[Extracted material — start]
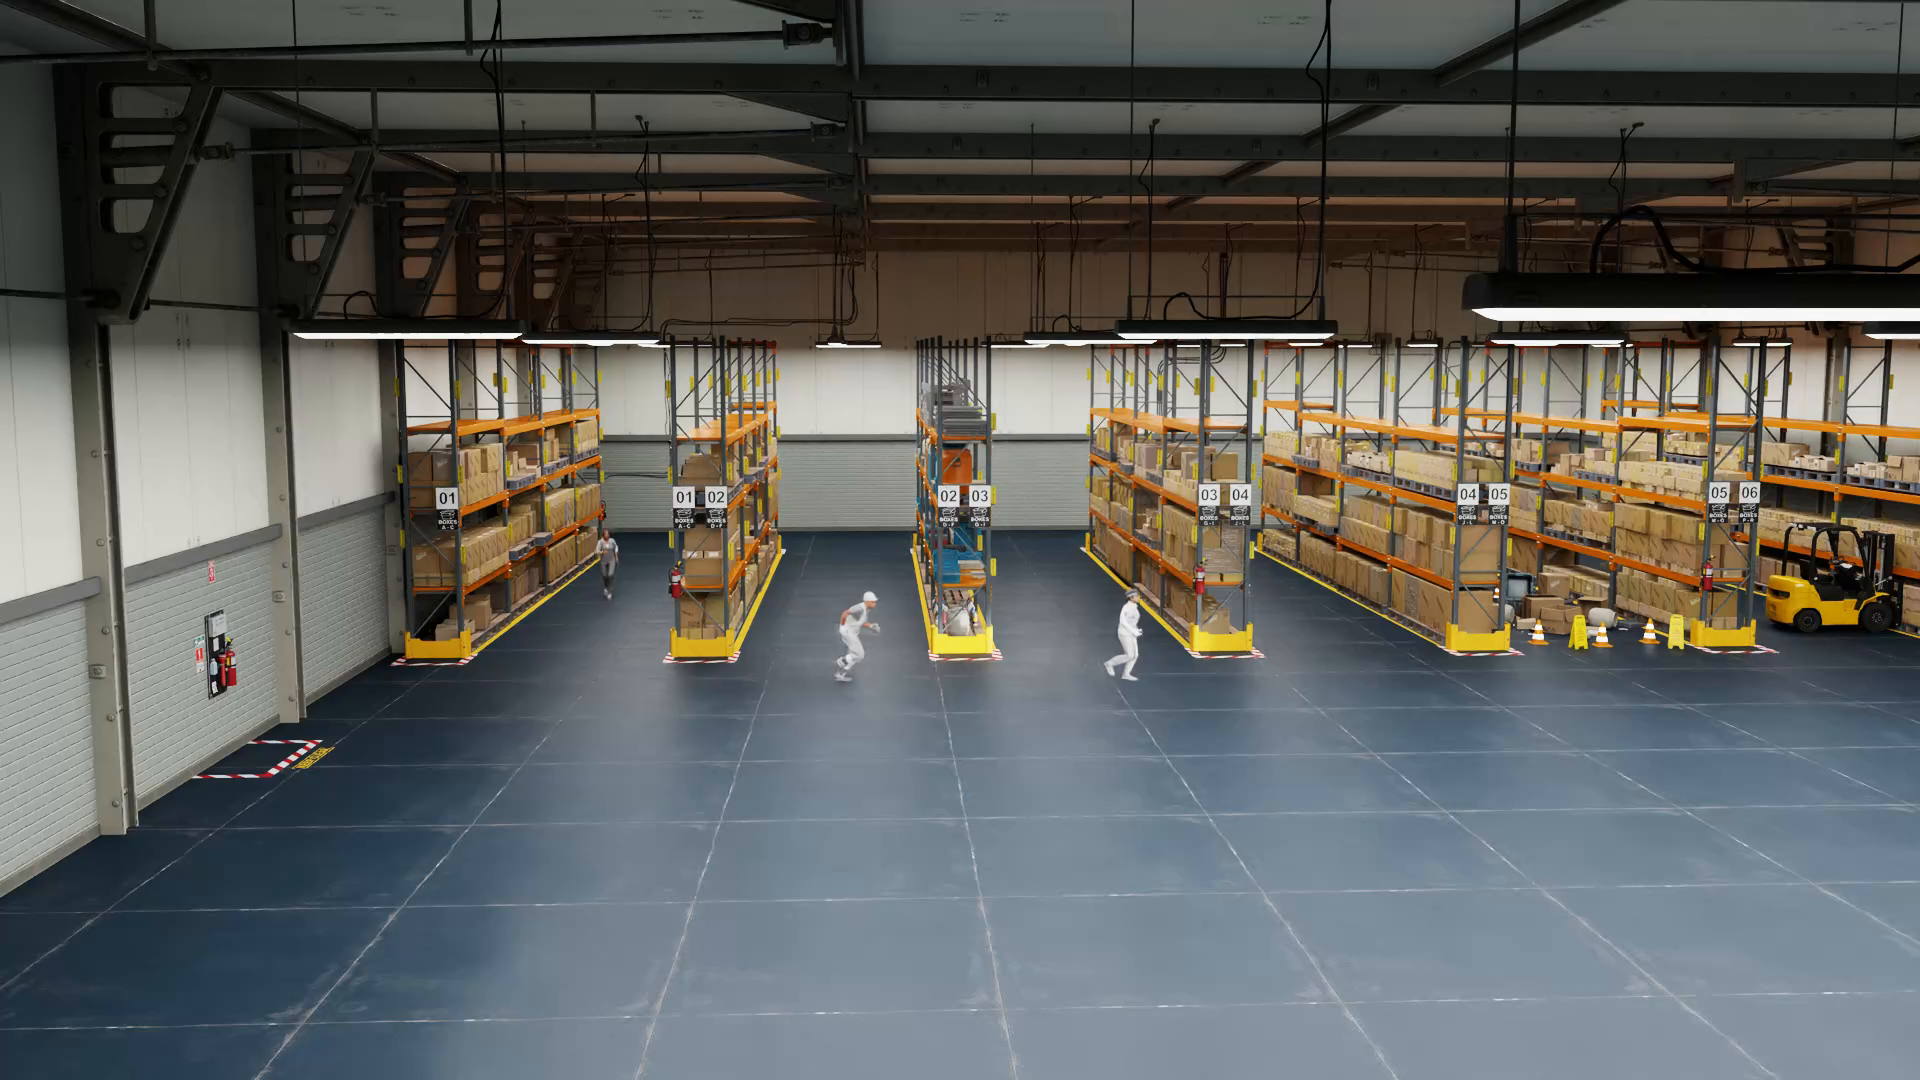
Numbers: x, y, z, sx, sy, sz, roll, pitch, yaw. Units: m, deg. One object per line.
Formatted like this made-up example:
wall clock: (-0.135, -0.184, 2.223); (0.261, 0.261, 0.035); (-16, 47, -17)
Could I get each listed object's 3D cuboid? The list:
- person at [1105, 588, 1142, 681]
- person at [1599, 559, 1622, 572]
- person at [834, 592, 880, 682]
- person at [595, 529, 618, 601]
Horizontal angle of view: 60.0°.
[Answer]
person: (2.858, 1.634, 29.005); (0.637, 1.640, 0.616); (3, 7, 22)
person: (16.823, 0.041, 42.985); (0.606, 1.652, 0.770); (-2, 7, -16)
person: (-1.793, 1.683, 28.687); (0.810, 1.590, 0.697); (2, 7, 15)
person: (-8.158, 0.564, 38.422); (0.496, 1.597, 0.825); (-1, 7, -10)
[Extracted material — finish]
Search the records for the word "object". Copy every line that has it.

● **Written response**:
Numbers: x, y, z, sx, sy, sz, roll, pitch, yaw. Units: m, deg. One object per line.
Could I get each listed object's 3D cuboid? The list:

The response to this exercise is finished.